By: Michael Gay

LLMs (large language models) are the foundational technology behind the AI models currently taking over the news cycle. After seeing the headlines about how ChatGPT can now pass the SAT, GRE, bar, and U.S. Medical Licensing exams; answer questions that seemingly require it understand the physical world; and even supposedly generate code for polymorphic malware that can evade AV and EDR solutions, I’ll admit that I was beginning to buy into the hype. It seemed like a golden age of AI might really be upon us—disruptive, glorious, and horrible.

Many of the biggest names in tech are rushing to integrate an LLM into any and every product it can be stuffed into, while curiously and simultaneously claiming they don’t really know how they work. The supposed human-like capabilities that LLMs are reported to possess have a huge number of people feeling as though their jobs are at risk, while just as many people are flooding YouTube, blog posts, and social media with get-rich-quick schemes tied to their use.

As a naturally curious person with a special interest in AI, I’ve spent a good chunk of my free time over the last several weeks obsessively watching videos, listening to podcasts, and reading news about the subject. I’ve also personally tinkered with a handful of AI systems myself to get a feeling for what they’re really capable of.

My experiences so far have alarmed me, but not at all in the way I expected.

Something worse than a con artist.

Whether I was using ChatGPT, ChatGPT Plus, Bard, or a locally hosted 13-billion parameter Vicuna model, it didn’t matter. Each one of them convincingly and confidently told me things that were demonstrably false and did so very often.

For all but the simplest of coding tasks, they spit out syntactically correct, but semantically nonsense code. Subsequently, this requires a real human with real coding skills to identify its mistakes and re-write the results to make something functional. They cite research papers, legal cases, and other sources of information that don’t exist, which has recently landed at least one lawyer in hot water before a federal judge after he relied on ChatGPT to do his case research for him. They “helpfully” recommend calorie restriction diets for people suffering from anorexia and bulimia, graduating from being simply wrong to producing dangerous misinformation.

Even ChatGPT Plus, which can access the internet when requested to look up information it wasn’t trained on, didn’t fare much better than free alternatives. During a live demonstration of how to use it to compare the features and prices of various products, my colleagues and I watched as it gathered data from various websites, and then seemingly disregarded the pricing information on the pages it accessed and made-up the information instead.

Piles of blog posts and influencers might have you believe that if you get a nonsense answer out of an LLM, that it’s a rare example of an AI “hallucination”, or that you simply haven’t gotten the hang of “prompt engineering” yet. It’s hard to decide whether statements like this are intentional misinformation, or the result of a lack of understanding regarding how LLMs work.

Personally, interacting with these large language models has felt a lot like conversing with a con artist or a pathological liar, only worse because it’s unreasonable to be angry at them when they spout nonsense. These systems cannot intentionally lie, and surely don’t “hallucinate”. Believing that they can do either is an example of anthropomorphizing LLMs; assigning them human-like qualities that they simply do not have.

“Stochastic Parrots”

Though she likely did not coin the term, the AI ethicist Timnit Gebru (who made the news after leaving Google under contentious circumstances) gave the most apt description of these systems I’ve seen so far. She referred to LLMs as “stochastic parrots”.

“Stochastic” because there’s an element of randomness to their output that makes them seem more human, and “parrots” because given some context, they mimic the patterns of text that they were trained on without any understanding of the meaning behind the words they generate. It’s this lack of real intelligence and genuine comprehension that can lead to serious consequences when people rely on them for important tasks or decision-making.

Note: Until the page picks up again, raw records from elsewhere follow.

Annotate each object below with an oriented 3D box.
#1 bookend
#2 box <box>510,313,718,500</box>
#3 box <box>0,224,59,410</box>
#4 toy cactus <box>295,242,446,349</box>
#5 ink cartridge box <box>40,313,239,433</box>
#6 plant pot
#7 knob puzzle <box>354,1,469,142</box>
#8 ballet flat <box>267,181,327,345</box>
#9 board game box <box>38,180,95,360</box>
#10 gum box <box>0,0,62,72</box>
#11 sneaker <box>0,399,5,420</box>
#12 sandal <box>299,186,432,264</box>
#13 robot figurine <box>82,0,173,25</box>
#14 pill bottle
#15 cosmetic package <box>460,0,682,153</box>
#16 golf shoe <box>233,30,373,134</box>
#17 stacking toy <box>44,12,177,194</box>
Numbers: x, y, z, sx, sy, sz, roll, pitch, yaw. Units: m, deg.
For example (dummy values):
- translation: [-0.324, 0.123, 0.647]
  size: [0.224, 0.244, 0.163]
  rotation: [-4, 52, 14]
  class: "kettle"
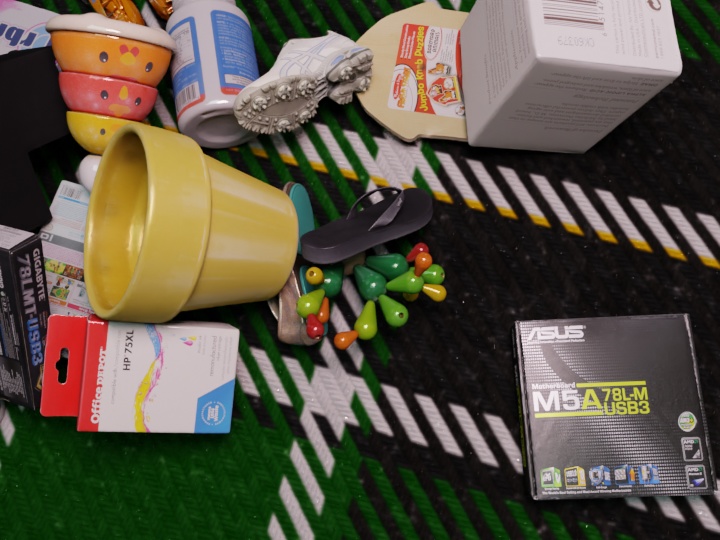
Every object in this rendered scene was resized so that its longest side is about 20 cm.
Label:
- translation: [-0.419, -0.138, 0.819]
  size: [0.091, 0.201, 0.200]
  rotation: [4, 31, 28]
  class: "bookend"
- translation: [0.275, 0.150, 0.776]
  size: [0.197, 0.048, 0.196]
  rotation: [-2, 76, 3]
  class: "box"
- translation: [-0.433, 0.037, 0.765]
  size: [0.196, 0.050, 0.202]
  rotation: [14, 119, 16]
  class: "box"
- translation: [0.000, 0.000, 0.805]
  size: [0.198, 0.103, 0.165]
  rotation: [-22, 50, -22]
  class: "toy cactus"
- translation: [-0.239, 0.112, 0.759]
  size: [0.197, 0.067, 0.118]
  rotation: [5, 90, -20]
  class: "ink cartridge box"
- translation: [-0.178, -0.039, 0.760]
  size: [0.187, 0.200, 0.203]
  rotation: [9, 69, -37]
  class: "plant pot"
- translation: [0.075, -0.257, 0.913]
  size: [0.216, 0.030, 0.223]
  rotation: [-1, 75, 3]
  class: "knob puzzle"
- translation: [-0.089, -0.007, 0.839]
  size: [0.067, 0.068, 0.203]
  rotation: [-16, 70, 25]
  class: "ballet flat"
- translation: [-0.324, 0.009, 0.848]
  size: [0.146, 0.064, 0.202]
  rotation: [16, 74, 9]
  class: "board game box"
- translation: [-0.405, -0.274, 0.931]
  size: [0.198, 0.066, 0.115]
  rotation: [19, 75, 9]
  class: "gum box"
- translation: [-0.528, 0.162, 0.812]
  size: [0.197, 0.079, 0.079]
  rotation: [-9, 75, 3]
  class: "sneaker"
- translation: [0.016, -0.062, 0.800]
  size: [0.076, 0.043, 0.199]
  rotation: [17, 33, 38]
  class: "sandal"
- translation: [-0.327, -0.411, 0.969]
  size: [0.144, 0.058, 0.201]
  rotation: [-33, 75, -7]
  class: "robot figurine"
- translation: [-0.188, -0.270, 0.892]
  size: [0.111, 0.112, 0.203]
  rotation: [-11, 74, 1]
  class: "pill bottle"
- translation: [0.224, -0.252, 0.796]
  size: [0.163, 0.200, 0.167]
  rotation: [2, 75, -12]
  class: "cosmetic package"
- translation: [-0.081, -0.235, 0.855]
  size: [0.199, 0.079, 0.097]
  rotation: [-29, 62, -29]
  class: "golf shoe"
- translation: [-0.295, -0.187, 0.822]
  size: [0.144, 0.146, 0.203]
  rotation: [7, 99, 6]
  class: "stacking toy"

I’m very worried for the future of companies that are rushing to integrate these current-generation LLMs into everything. How could you possibly trust what they tell you after using one for any appreciable length of time?

Even for this very blog post I asked ChatGPT to answer a question: “who coined the phrase stochastic parrots?” It helpfully informed me that the phrase was coined by Rodney Brooks, an influential roboticist and co-founder of iRobot and Rethink Robotics. He supposedly used the term in a blog post titled “The Seven Deadly Sins of Predicting the Future of AI,” published in 2017. The funny thing is, I looked up the essay, and did a simple CTRL+F search through its contents. Neither the word “stochastic” nor “parrot” show up anywhere in the piece. You can check it out for yourself here: https://rodneybrooks.com/the-seven-deadly-sins-of-predicting-the-future-of-ai/

Whether or not more training and/or bigger models with more parameters will make LLMs more trustworthy remains to be seen. For now, maybe don’t trust your LLM yet.